In order to obtain a continuance of a hearing, good cause must be shown under Minnesota Rules part 1400.7500. The rule indicates that “good cause” includes such matters as death or incapacitating illness of a party, improper notice of the hearing, a change in attorney, a change in parties or pleadings, and similar circumstances showing that more time is necessary in order to prepare for the hearing. “Good cause” under the rule does not include intentional delay or failure of the party to properly use the statutory notice period to prepare for the hearing. It appears that the Respondent is requesting a continuance in order to “subpoena verified counteraffidavits or any other sworn material evidence” from agents of the Department of Revenue. Under Minnesota Rules part 1400.6700, subp. 1, the Respondent is entitled to obtain copies of any relevant written or recorded statements made by the party or by witnesses within ten days of a written demand directed to the Department, along with the names and addresses of all witnesses that a party intends to call, a brief summary of each witness’ testimony, and all written exhibits. The Respondent thus does not have to serve a subpoena to obtain this information, but may simply make the request in writing to counsel for the Department. There is no showing that he has made such a request or that the Department has failed to provide him with materials that he has requested.
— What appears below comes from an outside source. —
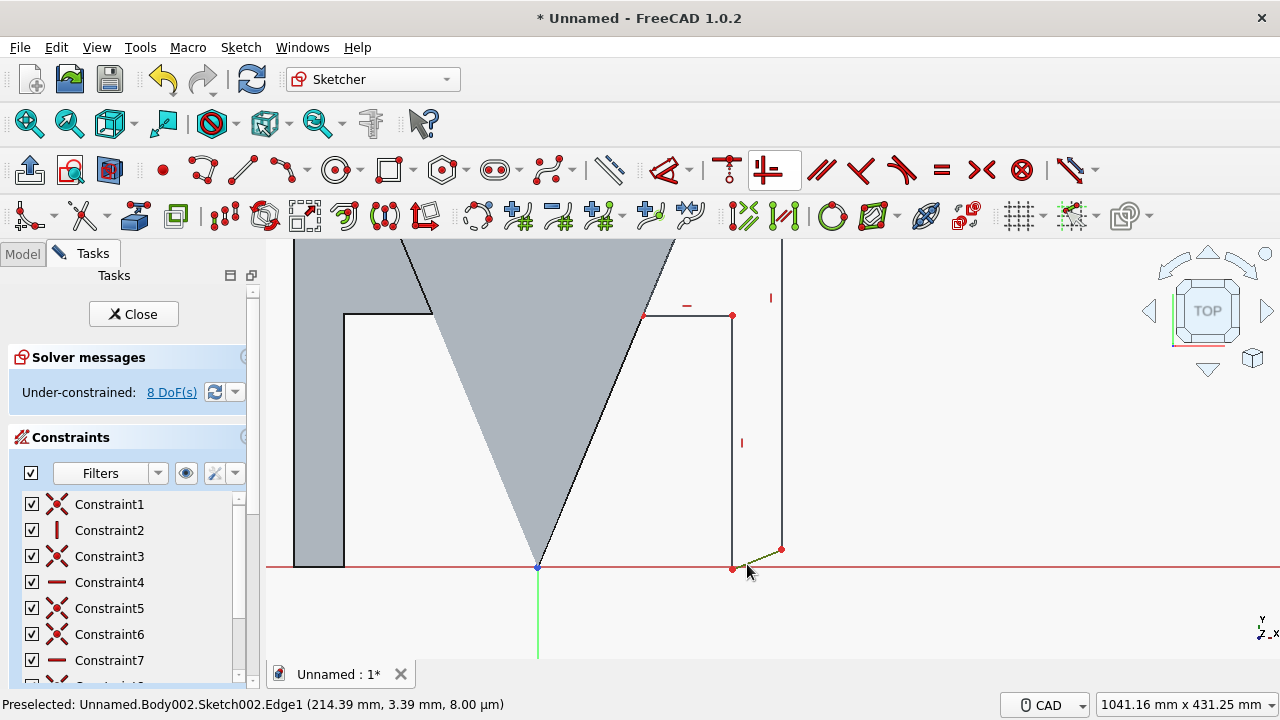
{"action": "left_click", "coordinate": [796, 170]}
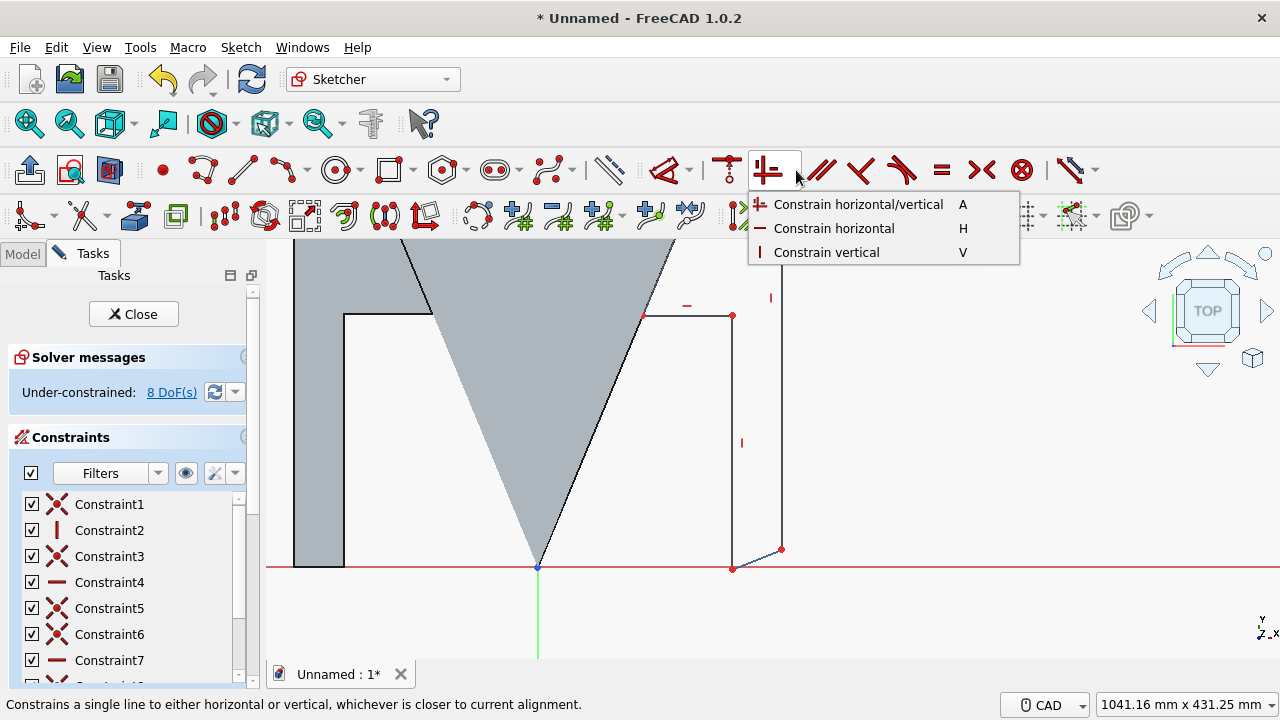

The Administrative Law Judge is not persuaded that the Respondent has shown that there is good cause for continuance of the February 26, 2003, hearing. Accordingly, the hearing will proceed as scheduled.
B.L.N.
[1] Minn. R. 1400.5500 (K).
[2] Sauter v. Sauter, 70 N.W.2d 351, 353 (Minn. 1955); Louwagie v. Witco Chemical Corp., 378 N.W.2d 63, 66 (Minn. App. 1985); Minn. R. Civ. P. 56.03; Minn. R. 1400.5500 (K).
[3] Illinois Farmers Insurance Co. v. Tapemark Co., 273 N.W.2d 630, 634 (Minn. 1978); Highland Chateauv. Minnesota Department of Public Welfare, 356 N.W. 2d 804, 808 (Minn. App. 1984).
[4] Theile v. Stich, 425 N.W.2d 580, 582 (Minn. 1988).
[5] Highland Chateau, 356 N.W.2d at 808; Hunt v. IBM Mid America Employees, 384 N.W.2d 853, 855 (Minn. 1986).
[6] Id.; Murphy v. Country House, Inc., 307 Minn. 344, 351-52, 240 N.W.2d 507, 512 (1976); Carlisle v. City of Minneapolis, 437 N.W.2d 712, 715 (Minn. App. 1988).
[7] Carlisle, 437 N.W.2d at 715 (citing Celotex Corp. v. Catrett, 477 U.S. 317, 324 (1986)).
[8] See Celotex, 477 U.S. at 325; Thiele v. Stich, 425 N.W.2d 580, 583 (Minn. 1988); Greaton v. Enich, 185 N.W.2d 876, 878 (Minn. 1971); Dollander v. Rochester State Hospital, 362 N.W.2d 386, 389 (Minn. App. 1985).
[9] REM-Canby, Inc. v. Minnesota Dept. of Human Services, 494 N.W.2d 71, 74 (Minn. App. 1992), rev. denied (Minn. Feb. 25, 1993), citing Transamerica Ins. Group v. Paul, 267 N.W.2d 180, 183 (Minn. 1978).
[10] Mesaba Aviation Div. v. Itasca County, 258 N.W.2d 877, 880 (Minn. 1977).
[11] G. Beck, M.B. Gossman & L. Nehl-Trueman, Minnesota Administrative Procedure, 2nd Ed. (Weekend Publications 1998) at 218-220 (citations omitted).